Olduğu söyleniyor, ben AppLocker ( bu karşılaştırma tarafından belgelendiği gibi) büyük faydaları olarak görüyorum :

• AppLocker kuralları belirli bir kullanıcıya veya bir kullanıcı grubuna hedeflenebilirken, SRP tüm bilgisayarda uygulanır.
• AppLocker, denetim modunu destekler, böylece kurallar uygulanmadan önce test edilebilir. SRP'nin eşdeğer bir günlük modu yok.
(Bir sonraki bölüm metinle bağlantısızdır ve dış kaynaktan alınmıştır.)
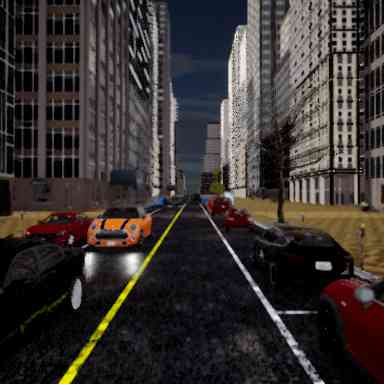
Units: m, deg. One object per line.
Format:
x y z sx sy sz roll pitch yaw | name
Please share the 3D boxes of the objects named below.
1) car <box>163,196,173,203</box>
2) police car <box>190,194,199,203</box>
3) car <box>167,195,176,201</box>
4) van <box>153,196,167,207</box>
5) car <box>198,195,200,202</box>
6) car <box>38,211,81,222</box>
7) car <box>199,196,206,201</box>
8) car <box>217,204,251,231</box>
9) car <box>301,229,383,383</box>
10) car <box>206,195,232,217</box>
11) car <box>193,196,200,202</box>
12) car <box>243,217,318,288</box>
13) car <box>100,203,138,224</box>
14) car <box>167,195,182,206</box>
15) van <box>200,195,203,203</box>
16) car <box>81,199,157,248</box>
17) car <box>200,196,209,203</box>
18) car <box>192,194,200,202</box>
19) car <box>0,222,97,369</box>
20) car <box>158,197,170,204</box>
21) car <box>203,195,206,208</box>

Benim için en büyük avantaj, yayıncı tarafından imzalanmış yürütülebilir dosyaları beyaz listeye ekleme yeteneğidir. Bu http://technet.microsoft.com/en-us/library/ee460943(v=ws.10).aspx adresine bir göz atın

AppLocker'ın hiçbir faydası yoktur, Microsoft yayınlanan açık yalanlar: 1. SAFER kurallarına sahip GPO'lar kullanıcılara ve kullanıcı gruplarına eklenebilir; 2. Windows Vista, bir etki alanı denetleyicisi olmadan aynı sonucu elde eden birden çok yerel GPO'yu tanıttı; 3. Denetim modu, NO uygulaması olmayan genişletilmiş günlük kaydı özelliği ile kullanılabilir.

Şirketimde Applocker kullanıyorum. Kullandığımız strateji: Her şeyi temel olarak reddet (aslında: Applocker varsayılanları) ve sonra önerileni yapın: yalnızca imzalı uygulamalara (ofis, adobe, wintools, balta vb.) İzin veren bir kural yapın. Çoğu, belki de tüm kötü amaçlı yazılım imzalı bir yazılım değildir, bu yüzden yürütülmez. Hiçbir bakım gerektirmez. Yalnızca 3 ekstra eski uygulamaya izin vermek zorunda kaldım.

Ayrıca UNC yollarını kullanamayacağımı teyit edemiyorum. Bazı ekstra güvenlik reddi kurallarında UNC yolunu başarıyla kullanıyorum. Tuzak çevre değişkenlerini kullanıyor: Applocker için çalışmıyorlar. * Joker karakterler kullanın. Windows 2008 R2 ve Windows 2012 R2'de kullanıyorum.

Çok beğendim: Performans düşüşü neredeyse hiç yok. Belgelerin dediği gibi: Applocker Uygulama Kimliği Hizmetine güveniyor (otomatik olarak başladığından emin olun).